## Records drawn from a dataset
BEGIN
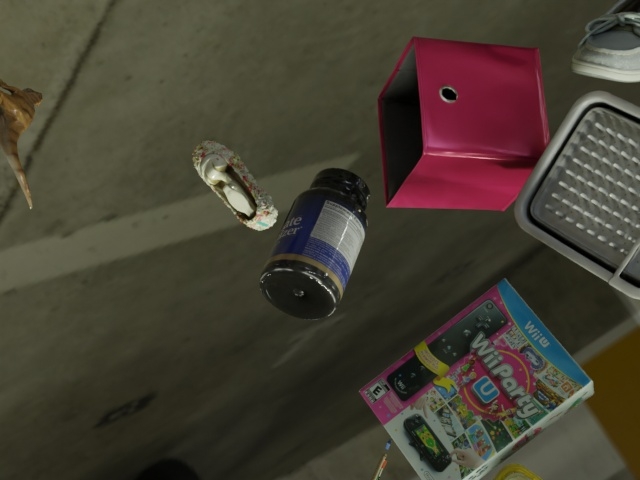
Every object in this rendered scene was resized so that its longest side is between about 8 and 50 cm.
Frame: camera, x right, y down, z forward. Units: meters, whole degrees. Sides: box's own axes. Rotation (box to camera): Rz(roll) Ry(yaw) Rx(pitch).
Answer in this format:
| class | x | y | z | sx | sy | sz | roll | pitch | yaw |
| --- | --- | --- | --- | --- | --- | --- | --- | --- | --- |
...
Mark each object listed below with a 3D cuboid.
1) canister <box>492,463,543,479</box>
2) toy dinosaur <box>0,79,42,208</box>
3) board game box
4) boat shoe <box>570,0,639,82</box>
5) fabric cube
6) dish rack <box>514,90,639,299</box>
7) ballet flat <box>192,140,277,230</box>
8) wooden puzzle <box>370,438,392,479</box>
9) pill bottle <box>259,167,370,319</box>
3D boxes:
| class | x | y | z | sx | sy | sz | roll | pitch | yaw |
| --- | --- | --- | --- | --- | --- | --- | --- | --- | --- |
| canister | 0.338 | 0.432 | 1.633 | 0.073 | 0.126 | 0.170 | -52 | -176 | 8 |
| toy dinosaur | -0.354 | -0.139 | 1.180 | 0.112 | 0.212 | 0.064 | 24 | 121 | -21 |
| board game box | 0.249 | 0.243 | 1.678 | 0.303 | 0.224 | 0.097 | -37 | 153 | 0 |
| boat shoe | 0.448 | -0.306 | 1.486 | 0.320 | 0.118 | 0.103 | -34 | 132 | -44 |
| fabric cube | 0.274 | -0.220 | 2.037 | 0.258 | 0.254 | 0.259 | 3 | 158 | -13 |
| dish rack | 0.522 | -0.078 | 1.784 | 0.072 | 0.333 | 0.286 | 20 | 103 | -50 |
| ballet flat | -0.176 | -0.114 | 2.035 | 0.091 | 0.241 | 0.077 | -53 | 160 | 17 |
| wooden puzzle | 0.103 | 0.412 | 1.850 | 0.078 | 0.014 | 0.116 | 24 | 89 | -81 |
| pill bottle | 0.000 | 0.000 | 1.550 | 0.123 | 0.122 | 0.219 | -52 | -168 | 52 |
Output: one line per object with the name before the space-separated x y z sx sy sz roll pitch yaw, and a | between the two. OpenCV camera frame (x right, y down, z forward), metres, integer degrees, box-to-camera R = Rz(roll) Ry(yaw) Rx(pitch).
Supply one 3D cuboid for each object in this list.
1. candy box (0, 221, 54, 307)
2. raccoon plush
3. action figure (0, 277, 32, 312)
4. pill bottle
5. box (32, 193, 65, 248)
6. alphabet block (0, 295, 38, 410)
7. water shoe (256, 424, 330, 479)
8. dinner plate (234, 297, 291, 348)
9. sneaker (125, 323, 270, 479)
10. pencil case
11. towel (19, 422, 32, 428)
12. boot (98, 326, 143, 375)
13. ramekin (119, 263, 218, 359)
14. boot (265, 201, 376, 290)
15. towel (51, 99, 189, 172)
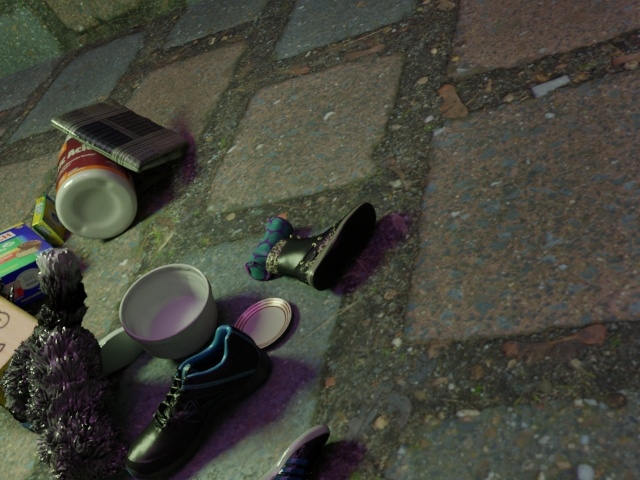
END
## Task to complete
All of the data must be repeated exactly, except for the pictures.

## Exercise answer
Every object in this rendered scene was resized so that its longest side is between about 8 and 50 cm.
Frame: camera, x right, y down, z forward. Units: meters, whole degrees. Sides: box's own axes. Rotation (box to camera): Rz(roll) Ry(yaw) Rx(pitch).
Answer in this format:
| class | x | y | z | sx | sy | sz | roll | pitch | yaw |
| --- | --- | --- | --- | --- | --- | --- | --- | --- | --- |
...
Mark each object listed below with a 3D cuboid.
1) canister <box>492,463,543,479</box>
2) toy dinosaur <box>0,79,42,208</box>
3) board game box
4) boat shoe <box>570,0,639,82</box>
5) fabric cube
6) dish rack <box>514,90,639,299</box>
7) ballet flat <box>192,140,277,230</box>
8) wooden puzzle <box>370,438,392,479</box>
9) pill bottle <box>259,167,370,319</box>
3D boxes:
| class | x | y | z | sx | sy | sz | roll | pitch | yaw |
| --- | --- | --- | --- | --- | --- | --- | --- | --- | --- |
| canister | 0.338 | 0.432 | 1.633 | 0.073 | 0.126 | 0.170 | -52 | -176 | 8 |
| toy dinosaur | -0.354 | -0.139 | 1.180 | 0.112 | 0.212 | 0.064 | 24 | 121 | -21 |
| board game box | 0.249 | 0.243 | 1.678 | 0.303 | 0.224 | 0.097 | -37 | 153 | 0 |
| boat shoe | 0.448 | -0.306 | 1.486 | 0.320 | 0.118 | 0.103 | -34 | 132 | -44 |
| fabric cube | 0.274 | -0.220 | 2.037 | 0.258 | 0.254 | 0.259 | 3 | 158 | -13 |
| dish rack | 0.522 | -0.078 | 1.784 | 0.072 | 0.333 | 0.286 | 20 | 103 | -50 |
| ballet flat | -0.176 | -0.114 | 2.035 | 0.091 | 0.241 | 0.077 | -53 | 160 | 17 |
| wooden puzzle | 0.103 | 0.412 | 1.850 | 0.078 | 0.014 | 0.116 | 24 | 89 | -81 |
| pill bottle | 0.000 | 0.000 | 1.550 | 0.123 | 0.122 | 0.219 | -52 | -168 | 52 |
Output: one line per object with the name before the space-separated x y z sx sy sz roll pitch yaw, and a | between the two. OpenCV camera frame (x right, y down, z forward), metres, integer degrees, box-to-camera R = Rz(roll) Ry(yaw) Rx(pitch).
Supply one 3D cuboid for each object in this list.
1. candy box (0, 221, 54, 307)
2. raccoon plush
3. action figure (0, 277, 32, 312)
4. pill bottle
5. box (32, 193, 65, 248)
6. alphabet block (0, 295, 38, 410)
7. water shoe (256, 424, 330, 479)
8. dinner plate (234, 297, 291, 348)
9. sneaker (125, 323, 270, 479)
10. pencil case
11. towel (19, 422, 32, 428)
12. boot (98, 326, 143, 375)
13. ramekin (119, 263, 218, 359)
14. boot (265, 201, 376, 290)
15. towel (51, 99, 189, 172)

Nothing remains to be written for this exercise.